Velocity Transloading is expanding the road, allowing them to access to up to 22 rail cars at a time. Photo by Brian Zinchuk

Frac sand has been pouring in ■ By Brian Zinchuk

Kindersley – Driving east of Kindersley on Highway 7, it’s hard to miss the substantial crude-by-rail transloading facility on the south side of the highway. The Secure Energy Services facility has been idle for a while now, as depressed oil prices have taken the wind out of crude-by-rail’s sails across Western Canada. But adjacent to the crude transloading site, another operator is making a go of it.

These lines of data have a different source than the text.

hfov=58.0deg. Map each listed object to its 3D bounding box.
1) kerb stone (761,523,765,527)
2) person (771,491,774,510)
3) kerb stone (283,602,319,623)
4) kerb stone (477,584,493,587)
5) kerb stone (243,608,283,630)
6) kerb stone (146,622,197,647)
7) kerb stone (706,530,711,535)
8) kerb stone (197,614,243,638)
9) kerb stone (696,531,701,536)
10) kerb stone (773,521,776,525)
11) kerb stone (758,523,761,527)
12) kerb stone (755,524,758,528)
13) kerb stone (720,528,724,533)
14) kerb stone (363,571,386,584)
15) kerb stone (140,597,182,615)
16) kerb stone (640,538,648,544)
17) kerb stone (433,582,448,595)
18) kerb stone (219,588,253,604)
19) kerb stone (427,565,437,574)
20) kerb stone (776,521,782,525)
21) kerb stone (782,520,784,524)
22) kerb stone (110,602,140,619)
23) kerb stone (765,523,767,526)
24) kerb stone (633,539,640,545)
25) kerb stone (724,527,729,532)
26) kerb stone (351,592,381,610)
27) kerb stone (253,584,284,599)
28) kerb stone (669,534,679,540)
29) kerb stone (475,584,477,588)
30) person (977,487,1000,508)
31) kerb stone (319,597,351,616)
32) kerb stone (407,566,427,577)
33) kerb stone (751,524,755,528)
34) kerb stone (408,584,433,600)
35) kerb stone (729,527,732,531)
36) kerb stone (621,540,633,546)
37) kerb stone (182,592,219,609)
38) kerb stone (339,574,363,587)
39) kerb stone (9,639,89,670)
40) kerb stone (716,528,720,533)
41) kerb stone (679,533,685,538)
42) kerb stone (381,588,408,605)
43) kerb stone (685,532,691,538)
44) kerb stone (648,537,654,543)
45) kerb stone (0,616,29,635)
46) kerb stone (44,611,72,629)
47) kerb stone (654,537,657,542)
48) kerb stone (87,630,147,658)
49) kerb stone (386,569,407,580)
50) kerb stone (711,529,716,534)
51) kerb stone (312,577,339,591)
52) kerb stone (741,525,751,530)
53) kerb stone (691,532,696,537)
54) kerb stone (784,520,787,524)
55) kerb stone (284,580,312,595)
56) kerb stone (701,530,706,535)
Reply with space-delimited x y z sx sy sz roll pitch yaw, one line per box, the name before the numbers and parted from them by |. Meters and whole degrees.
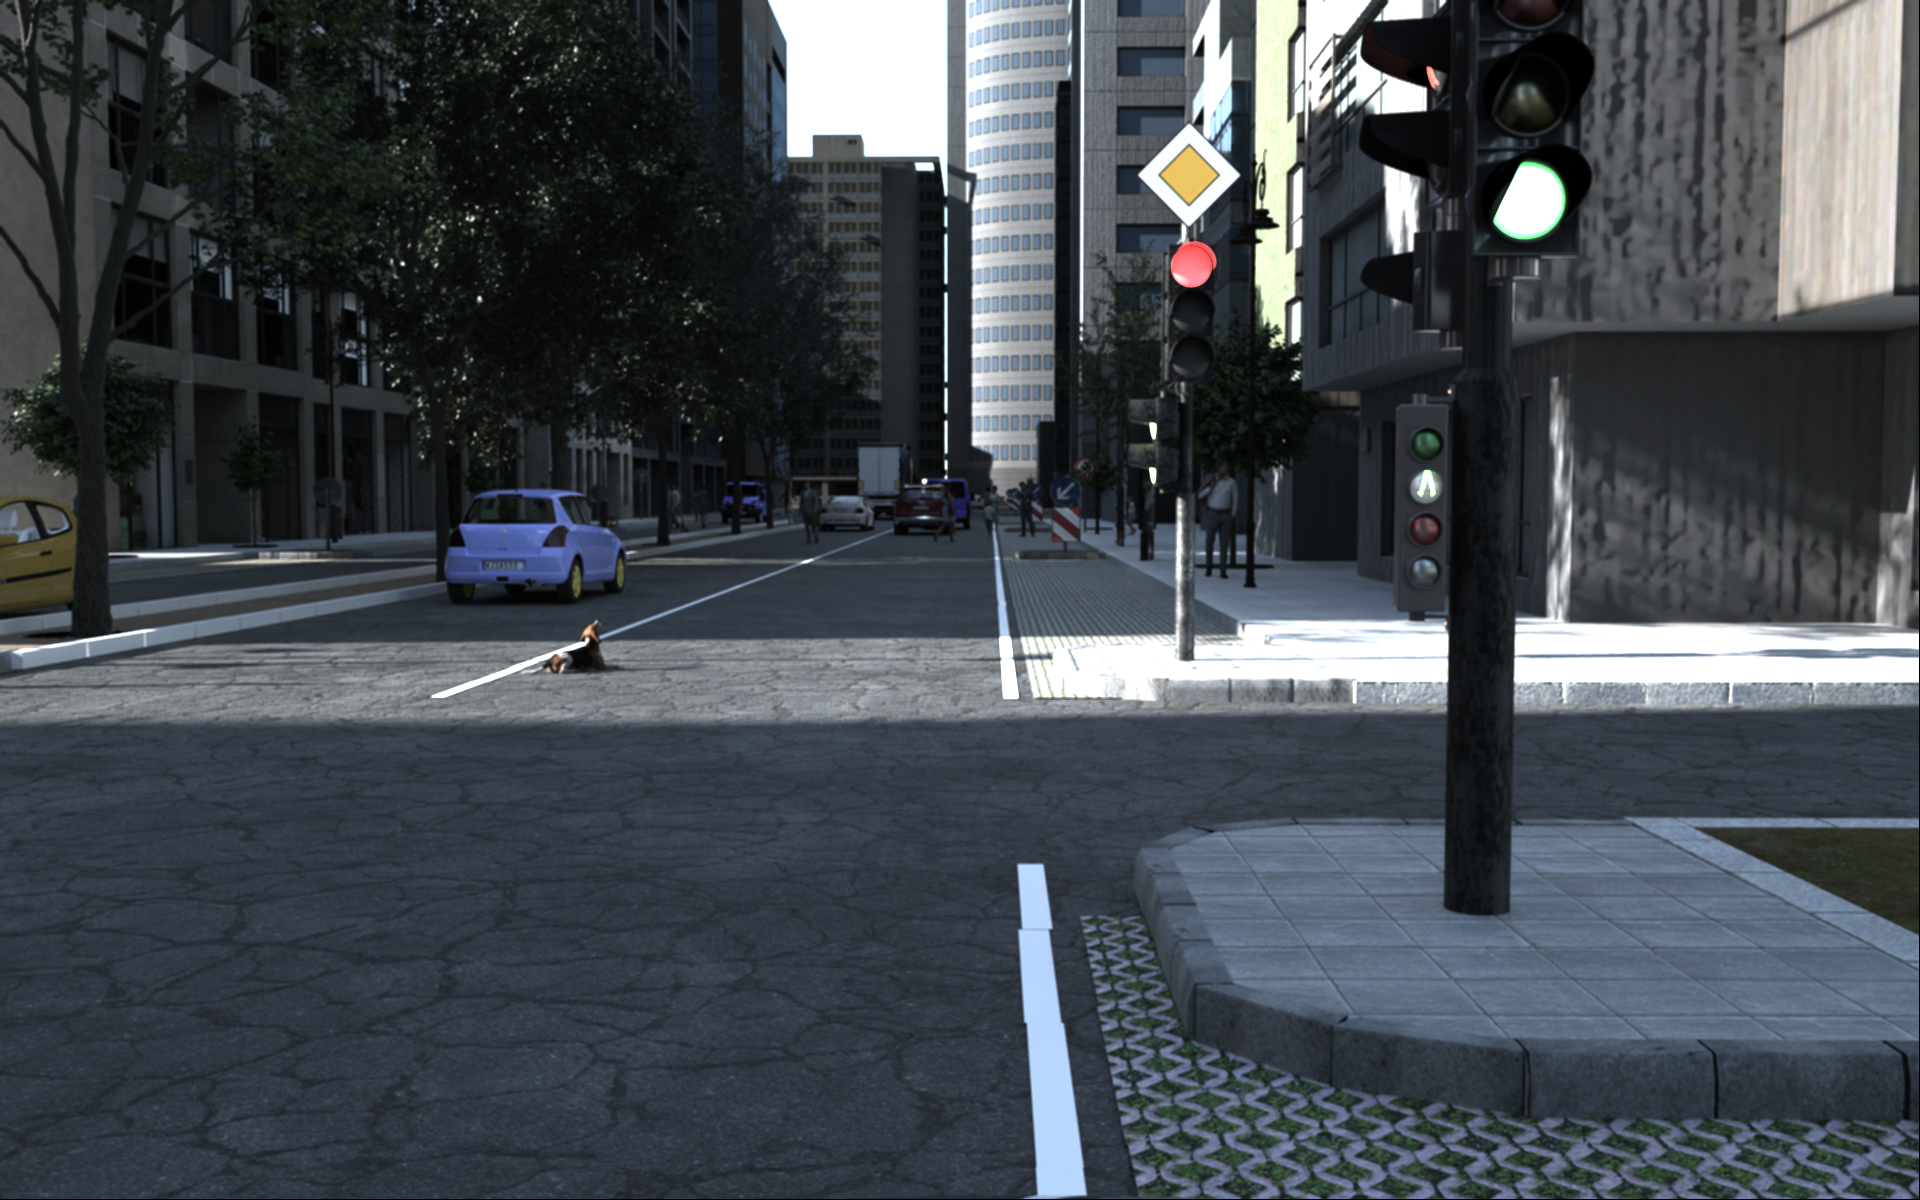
kerb stone | -8.713 -3.237 75.120 0.120 0.150 1.000 0 4 1
person | -14.898 -7.936 136.253 0.683 1.767 0.568 1 4 15
kerb stone | -7.581 0.152 19.711 0.120 0.150 1.000 0 4 1
kerb stone | -7.459 -0.286 26.879 0.120 0.150 1.000 0 4 1
kerb stone | -7.598 0.217 18.689 0.120 0.150 1.000 0 4 1
kerb stone | -7.639 0.340 16.637 0.120 0.150 1.000 0 4 1
kerb stone | -8.967 -2.359 60.770 0.120 0.150 1.000 0 4 1
kerb stone | -7.617 0.277 17.659 0.120 0.150 1.000 0 4 1
kerb stone | -9.004 -2.228 58.702 0.120 0.150 1.000 0 4 1
kerb stone | -8.645 -3.487 79.212 0.120 0.150 1.000 0 4 1
kerb stone | -8.728 -3.174 74.097 0.120 0.150 1.000 0 4 1
kerb stone | -8.754 -3.112 73.072 0.120 0.150 1.000 0 4 1
kerb stone | -8.918 -2.545 63.842 0.120 0.150 1.000 0 4 1
kerb stone | -9.541 -0.352 27.944 0.120 0.150 1.000 0 4 1
kerb stone | -9.663 0.087 20.781 0.120 0.150 1.000 0 4 1
kerb stone | -9.159 -1.667 49.480 0.120 0.150 1.000 0 4 1
kerb stone | -7.492 -0.161 24.835 0.120 0.150 1.000 0 4 1
kerb stone | -9.629 -0.039 22.828 0.120 0.150 1.000 0 4 1
kerb stone | -9.490 -0.536 31.011 0.120 0.150 1.000 0 4 1
kerb stone | -8.608 -3.610 81.258 0.120 0.150 1.000 0 4 1
kerb stone | -8.589 -3.675 82.281 0.120 0.150 1.000 0 4 1
kerb stone | -9.686 0.150 19.749 0.120 0.150 1.000 0 4 1
kerb stone | -8.698 -3.298 76.142 0.120 0.150 1.000 0 4 1
kerb stone | -9.181 -1.606 48.453 0.120 0.150 1.000 0 4 1
kerb stone | -8.895 -2.610 64.864 0.120 0.150 1.000 0 4 1
kerb stone | -7.542 0.027 21.757 0.120 0.150 1.000 0 4 1
kerb stone | -9.613 -0.099 23.850 0.120 0.150 1.000 0 4 1
kerb stone | -9.079 -1.981 54.592 0.120 0.150 1.000 0 4 1
kerb stone | -7.466 -0.220 25.857 0.120 0.150 1.000 0 4 1
person | 1.605 -5.519 98.742 1.348 1.824 0.705 1 4 10
kerb stone | -7.562 0.089 20.733 0.120 0.150 1.000 0 4 1
kerb stone | -9.499 -0.472 29.989 0.120 0.150 1.000 0 4 1
kerb stone | -8.768 -3.048 72.050 0.120 0.150 1.000 0 4 1
kerb stone | -7.507 -0.095 23.811 0.120 0.150 1.000 0 4 1
kerb stone | -8.875 -2.673 65.891 0.120 0.150 1.000 0 4 1
kerb stone | -9.194 -1.542 47.424 0.120 0.150 1.000 0 4 1
kerb stone | -9.652 0.024 21.806 0.120 0.150 1.000 0 4 1
kerb stone | -9.554 -0.289 26.922 0.120 0.150 1.000 0 4 1
kerb stone | -7.676 0.467 14.588 0.120 0.150 1.000 0 4 1
kerb stone | -8.921 -2.485 62.820 0.120 0.150 1.000 0 4 1
kerb stone | -9.051 -2.039 55.623 0.120 0.150 1.000 0 4 1
kerb stone | -7.526 -0.034 22.786 0.120 0.150 1.000 0 4 1
kerb stone | -9.038 -2.107 56.648 0.120 0.150 1.000 0 4 1
kerb stone | -9.142 -1.731 50.502 0.120 0.150 1.000 0 4 1
kerb stone | -9.719 0.275 17.703 0.120 0.150 1.000 0 4 1
kerb stone | -9.705 0.214 18.727 0.120 0.150 1.000 0 4 1
kerb stone | -9.125 -1.793 51.524 0.120 0.150 1.000 0 4 1
kerb stone | -7.654 0.403 15.610 0.120 0.150 1.000 0 4 1
kerb stone | -9.524 -0.414 28.966 0.120 0.150 1.000 0 4 1
kerb stone | -8.944 -2.422 61.796 0.120 0.150 1.000 0 4 1
kerb stone | -9.574 -0.226 25.894 0.120 0.150 1.000 0 4 1
kerb stone | -8.789 -2.984 71.027 0.120 0.150 1.000 0 4 1
kerb stone | -9.017 -2.170 57.671 0.120 0.150 1.000 0 4 1
kerb stone | -8.575 -3.737 83.303 0.120 0.150 1.000 0 4 1
kerb stone | -9.593 -0.164 24.872 0.120 0.150 1.000 0 4 1
kerb stone | -8.987 -2.293 59.740 0.120 0.150 1.000 0 4 1
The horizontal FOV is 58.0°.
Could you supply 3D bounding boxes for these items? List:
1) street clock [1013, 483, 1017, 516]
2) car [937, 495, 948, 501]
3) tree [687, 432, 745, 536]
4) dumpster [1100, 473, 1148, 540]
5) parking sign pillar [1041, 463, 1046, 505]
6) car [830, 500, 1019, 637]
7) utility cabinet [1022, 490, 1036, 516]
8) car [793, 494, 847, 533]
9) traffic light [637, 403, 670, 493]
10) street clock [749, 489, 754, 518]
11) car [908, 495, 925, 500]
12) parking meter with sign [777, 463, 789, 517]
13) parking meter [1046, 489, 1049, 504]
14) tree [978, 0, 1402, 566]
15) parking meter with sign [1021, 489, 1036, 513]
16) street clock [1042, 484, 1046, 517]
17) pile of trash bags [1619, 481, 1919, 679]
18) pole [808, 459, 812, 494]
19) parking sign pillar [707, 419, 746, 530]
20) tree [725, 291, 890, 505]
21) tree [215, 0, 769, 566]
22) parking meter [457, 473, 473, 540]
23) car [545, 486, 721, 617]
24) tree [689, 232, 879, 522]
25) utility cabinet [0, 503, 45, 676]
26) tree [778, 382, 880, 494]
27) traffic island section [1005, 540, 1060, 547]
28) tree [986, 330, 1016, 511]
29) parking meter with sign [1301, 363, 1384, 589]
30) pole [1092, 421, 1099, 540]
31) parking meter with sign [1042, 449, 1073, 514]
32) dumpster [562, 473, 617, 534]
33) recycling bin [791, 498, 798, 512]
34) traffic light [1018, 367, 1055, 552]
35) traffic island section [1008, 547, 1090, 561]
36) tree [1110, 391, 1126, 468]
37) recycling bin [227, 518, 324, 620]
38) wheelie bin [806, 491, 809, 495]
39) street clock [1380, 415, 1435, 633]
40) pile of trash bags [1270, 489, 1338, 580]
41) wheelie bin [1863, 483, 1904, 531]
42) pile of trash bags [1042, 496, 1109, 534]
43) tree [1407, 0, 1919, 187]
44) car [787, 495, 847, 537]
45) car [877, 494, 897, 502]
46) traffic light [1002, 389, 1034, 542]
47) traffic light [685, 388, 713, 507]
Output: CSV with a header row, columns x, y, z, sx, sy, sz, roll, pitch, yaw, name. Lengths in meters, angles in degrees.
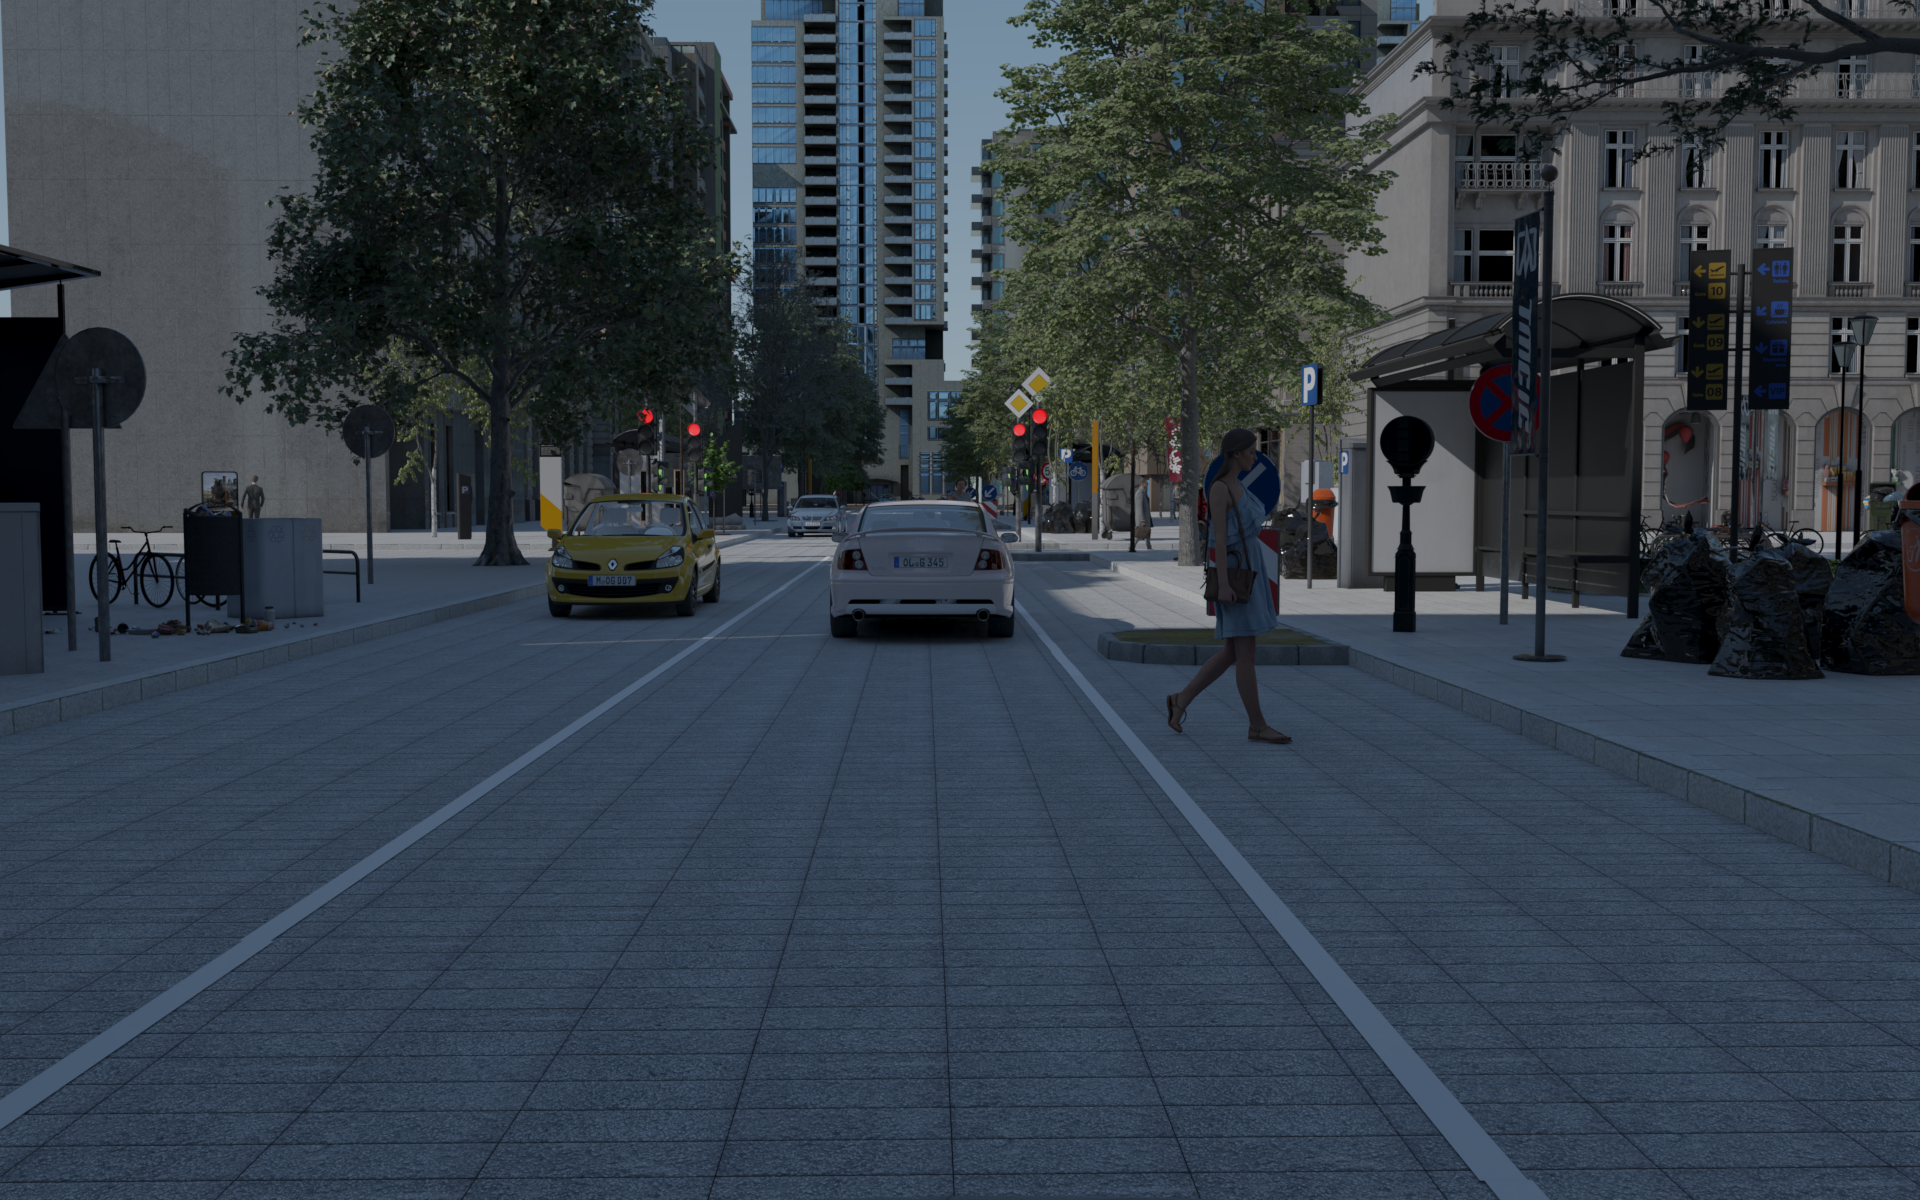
x,y,z,sx,sy,sz,roll,pitch,yaw,name
3.256,-6.009,102.810,0.358,2.002,0.471,-3,4,-37,street clock
-1.289,-9.576,169.148,1.945,1.354,3.894,0,4,-1,car
-7.726,-3.633,53.994,1.663,3.219,1.824,0,3,0,tree
4.653,-2.635,48.842,1.264,1.857,1.865,0,4,-1,dumpster
5.029,-7.230,106.682,1.447,3.967,1.447,0,4,-1,parking sign pillar
-0.382,-0.388,18.701,2.083,1.381,4.827,0,4,0,car
4.101,-5.541,99.267,1.173,1.500,0.318,-3,5,-40,utility cabinet
-5.197,-3.349,64.540,2.009,1.686,4.222,0,4,-3,car
-6.838,-3.008,38.107,0.839,4.253,0.868,0,4,-1,traffic light
-11.298,-5.463,93.890,0.358,2.002,0.471,3,5,45,street clock
-4.788,-10.900,190.793,1.945,1.354,3.894,0,4,-3,car
-9.956,-6.166,97.082,0.543,3.016,1.738,0,4,7,parking meter with sign
4.075,-4.271,78.248,0.372,1.533,0.369,0,3,0,parking meter
3.905,-6.851,30.137,7.486,12.596,7.792,0,3,0,tree
4.835,-7.524,119.273,1.738,3.016,0.543,0,4,-3,parking meter with sign
4.597,-5.720,98.097,0.471,2.002,0.358,-1,4,-14,street clock
6.187,-0.157,12.318,1.912,1.369,3.447,0,4,-1,pile of trash bags
-8.651,-6.489,99.934,0.158,3.312,0.155,0,3,0,pole
-8.395,-4.497,62.000,1.447,3.967,1.447,3,4,38,parking sign pillar
-9.856,-12.267,107.227,9.857,13.997,8.962,0,3,0,tree
-8.177,-6.969,30.954,9.611,12.733,9.660,0,3,0,tree
-13.969,-2.639,48.865,0.399,1.863,0.255,-2,4,-26,parking meter
-3.984,-0.688,21.468,2.015,1.641,3.980,0,4,-2,car
-9.012,-10.428,80.868,12.009,13.543,11.850,0,3,0,tree
-7.030,-0.060,12.137,1.020,1.237,0.306,-3,5,-44,utility cabinet
-9.477,-11.401,120.823,7.601,10.594,8.767,1,4,18,tree
1.591,-1.475,46.404,2.009,0.180,2.903,0,4,-1,traffic island section
3.545,-6.724,60.297,4.737,8.622,4.395,0,3,0,tree
5.549,-1.668,23.532,1.738,3.016,0.543,-1,4,-11,parking meter with sign
3.792,-3.344,48.519,0.158,3.312,0.155,0,3,0,pole
3.685,-4.248,65.713,0.543,3.016,1.738,2,4,28,parking meter with sign
-10.535,-2.657,49.206,1.264,1.857,1.865,0,4,-1,dumpster
-10.284,-5.916,109.286,0.722,1.027,0.722,-1,4,-12,recycling bin
1.721,-3.020,38.306,0.839,4.253,0.868,0,4,-1,traffic light
1.762,-0.987,38.420,2.009,0.180,2.903,0,4,-1,traffic island section
10.726,-8.707,92.722,4.360,8.622,3.978,0,3,0,tree
-7.153,-0.338,18.079,0.722,1.027,0.722,3,4,38,recycling bin
-10.328,-6.547,114.957,0.693,1.594,0.980,-1,4,-19,wheelie bin
4.146,-0.705,16.099,0.471,2.002,0.358,1,4,22,street clock
5.886,-1.087,27.533,1.912,1.369,3.447,0,4,6,pile of trash bags
25.412,-2.432,47.675,0.980,1.594,0.693,2,4,27,wheelie bin
4.400,-2.869,56.656,3.447,1.369,1.912,0,4,-2,pile of trash bags
5.287,-4.512,8.177,8.767,10.594,7.601,1,4,13,tree
-4.838,-2.884,59.149,2.014,1.417,4.499,0,4,1,car
-7.843,-10.706,186.846,2.131,1.459,4.920,0,4,-2,car
1.550,-3.509,46.289,0.839,4.253,0.868,0,4,-1,traffic light
-7.009,-3.497,46.090,0.839,4.253,0.868,0,4,-1,traffic light

Velocity Transloading Ltd. is a small transloading outfit owned by Christo Bezuidenhout. He has five employees. “Frac sand, that’s all we do, at the moment” he said on Sept. 16. A few years ago he had been working on an oil transloading facility east of Camrose, but that project didn’t go ahead, so he looked for anything else that made sense. Bezuidenhout worked for CN for three years, one year as a conductor, two years

as a manager. “I helped set up four different oil transloading facilities,” he said. Two were at Unity, one at Lloydminster and one near Maidstone. At its peak it was running approximately 100 cars a day. “I was a manager at the rail line and I just happened to be there when the customers were trying to get set up. I, myself, didn’t know lots about their side of things, but I knew the rail side of things. I worked with them handin-hand to set it up, and

through that experience I picked up everything that I have right now.” “We started leasing this in June of this year,” he said of their facility near Kindersley. The company fired up last January. They’re scheduled to load sand from this past July into this

December. Work should fire up again in January. If there’s enough volume, they should go until spring breakup in March. “We can hold a total of 35 sand cars, and access up to 12 cars at a time. We offload about four a day.”

They’re building a road to increase the access to 22 cars at a time. There are two other sand transloading facilities nearby, Bezuidenhout noted, and both are bigger. Most of their frac sand comes from Wisconsin.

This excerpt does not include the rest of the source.